UEMM-Air: Make Unmanned Aerial Vehicles Perform More Multi-modal Tasks

TL;DR

UEMM-Air tackles the data scarcity of multi-modal UAV perception by introducing a large-scale synthetic dataset comprising $120k$ image pairs across six modalities, augmented with an automatic annotation pipeline and cross-modal text generation. Built with Unreal Engine and AirSim, it supports object detection, instance segmentation, image-text contrastive learning, and referring segmentation, enabling zero-shot and cross-modal capabilities through natural language captions.
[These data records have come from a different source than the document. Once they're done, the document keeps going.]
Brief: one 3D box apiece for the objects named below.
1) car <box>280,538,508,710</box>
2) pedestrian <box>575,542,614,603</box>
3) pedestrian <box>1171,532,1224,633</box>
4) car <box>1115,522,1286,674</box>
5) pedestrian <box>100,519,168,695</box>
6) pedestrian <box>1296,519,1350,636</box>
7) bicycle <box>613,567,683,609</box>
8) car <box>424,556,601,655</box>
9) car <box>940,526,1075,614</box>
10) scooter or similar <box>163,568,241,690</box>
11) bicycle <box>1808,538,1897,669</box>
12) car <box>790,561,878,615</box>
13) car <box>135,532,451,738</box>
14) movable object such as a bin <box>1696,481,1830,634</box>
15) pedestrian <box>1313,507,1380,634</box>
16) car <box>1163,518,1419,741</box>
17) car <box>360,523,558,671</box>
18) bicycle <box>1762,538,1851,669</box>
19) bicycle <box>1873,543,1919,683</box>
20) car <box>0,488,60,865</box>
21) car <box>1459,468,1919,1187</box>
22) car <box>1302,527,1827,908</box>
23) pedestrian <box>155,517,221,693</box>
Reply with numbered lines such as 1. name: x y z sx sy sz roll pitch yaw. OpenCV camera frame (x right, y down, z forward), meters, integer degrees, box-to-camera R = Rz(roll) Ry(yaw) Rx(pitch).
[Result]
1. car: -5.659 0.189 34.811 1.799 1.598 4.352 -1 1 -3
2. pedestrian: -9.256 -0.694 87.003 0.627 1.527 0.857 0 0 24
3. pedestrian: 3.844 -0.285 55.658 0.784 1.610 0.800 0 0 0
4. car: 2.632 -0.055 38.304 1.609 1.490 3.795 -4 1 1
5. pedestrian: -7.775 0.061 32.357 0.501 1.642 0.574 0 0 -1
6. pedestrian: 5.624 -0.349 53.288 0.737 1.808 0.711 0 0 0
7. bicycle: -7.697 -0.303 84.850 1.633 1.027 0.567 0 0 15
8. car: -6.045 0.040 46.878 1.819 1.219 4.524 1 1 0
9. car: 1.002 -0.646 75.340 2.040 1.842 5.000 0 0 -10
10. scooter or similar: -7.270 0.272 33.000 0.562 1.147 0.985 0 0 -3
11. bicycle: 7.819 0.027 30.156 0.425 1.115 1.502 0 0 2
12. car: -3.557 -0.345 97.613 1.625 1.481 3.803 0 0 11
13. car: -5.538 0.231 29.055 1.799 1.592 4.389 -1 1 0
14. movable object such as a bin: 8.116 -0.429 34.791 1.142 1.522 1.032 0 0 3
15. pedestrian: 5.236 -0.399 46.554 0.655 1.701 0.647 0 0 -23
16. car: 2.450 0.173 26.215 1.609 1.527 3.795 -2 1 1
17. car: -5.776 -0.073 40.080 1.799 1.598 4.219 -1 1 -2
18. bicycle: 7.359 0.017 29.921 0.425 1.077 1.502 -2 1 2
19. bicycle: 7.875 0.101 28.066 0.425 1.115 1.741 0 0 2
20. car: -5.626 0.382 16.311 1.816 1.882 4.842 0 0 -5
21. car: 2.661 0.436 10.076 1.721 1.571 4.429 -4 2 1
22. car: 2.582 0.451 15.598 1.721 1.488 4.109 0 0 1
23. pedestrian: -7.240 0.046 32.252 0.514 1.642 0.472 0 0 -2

The authors provide comprehensive benchmarks across detection, segmentation, and cross-modal tasks, demonstrating competitive performance, improved transferability from synthetic to real UAV datasets, and the benefits of multi-modal fusion. This dataset promises to improve pretraining, generalization, and multi-modal reasoning for UAV perception in varied environments.

Abstract

The development of multi-modal learning for Unmanned Aerial Vehicles (UAVs) typically relies on a large amount of pixel-aligned multi-modal image data. However, existing datasets face challenges such as limited modalities, high construction costs, and imprecise annotations. To this end, we propose a synthetic multi-modal UAV-based multi-task dataset, UEMM-Air. Specifically, we simulate various UAV flight scenarios and object types using the Unreal Engine (UE). Then we design the UAV's flight logic to automatically collect data from different scenarios, perspectives, and altitudes. Furthermore, we propose a novel heuristic automatic annotation algorithm to generate accurate object detection labels. Finally, we utilize labels to generate text descriptions of images to make our UEMM-Air support more cross-modality tasks. In total, our UEMM-Air consists of 120k pairs of images with 6 modalities and precise annotations. Moreover, we conduct numerous experiments and establish new benchmark results on our dataset. We also found that models pre-trained on UEMM-Air exhibit better performance on downstream tasks compared to other similar datasets. The dataset is publicly available (https://github.com/1e12Leon/UEMM-Air) to support the research of multi-modal tasks on UAVs.

Figures (10)

• Figure 1: (a) Comparison of UEMM-Air and other UAV environmental perception datasets. (b) Various UEMM-Air targeted tasks. Our stands out as the largest in terms of data scale, featuring the most paired modality types and the greatest variety of tasks among existing datasets.
• Figure 2: UEMM-Air is a multi-scene, multi-modal, and multi-perspective UAV-based perception dataset. (a) Scence (outer) and object category (inner) distribution. (b) UEMM-Air features multiple scenes and various perspectives of the same view. (c) UEMM-Air encompasses 6 modalities: RGB, surface normals, segmentation, depth, IMU parameters, and textual descriptions.
• Figure 3: Pipeline of our data construction. Step 1: We design the automatic flight logic of the UAV to collect images from different altitudes, perspectives, and modalities. Step 2: We perform contour detection on the segmentation image to obtain object bounding boxes. To alleviate visually overlapped situations, we introduce the depth information, where a significant change in depth typically indicates multiple objects. Step 3: We extract the objects' categories, quantities, and spatial relationships to generate captions for image-text contrastive learning and referring image segmentation.
• Figure 4: We randomly sampled images from various scenes and visualized the features extracted by the CLIP image encoder through T-SNE. The significant differences in features across different scenes indicate that our dataset is beneficial for enhancing the model's domain generalization performance.
• Figure 5: Comparison of SynDrone and our UEMM-Air. Red and yellow bounding boxes indicate incorrect and correct labels, respectively. We provide two viewpoints from one scene in UEMM-Air, where blue boxes indicate originally blocked objects in the other viewpoint. SynDrone has incorrect labels where objects are visibly blocked, while UEMM-Air consistently demonstrates superior labeling accuracy, especially in challenging scenarios where objects are partially obscured.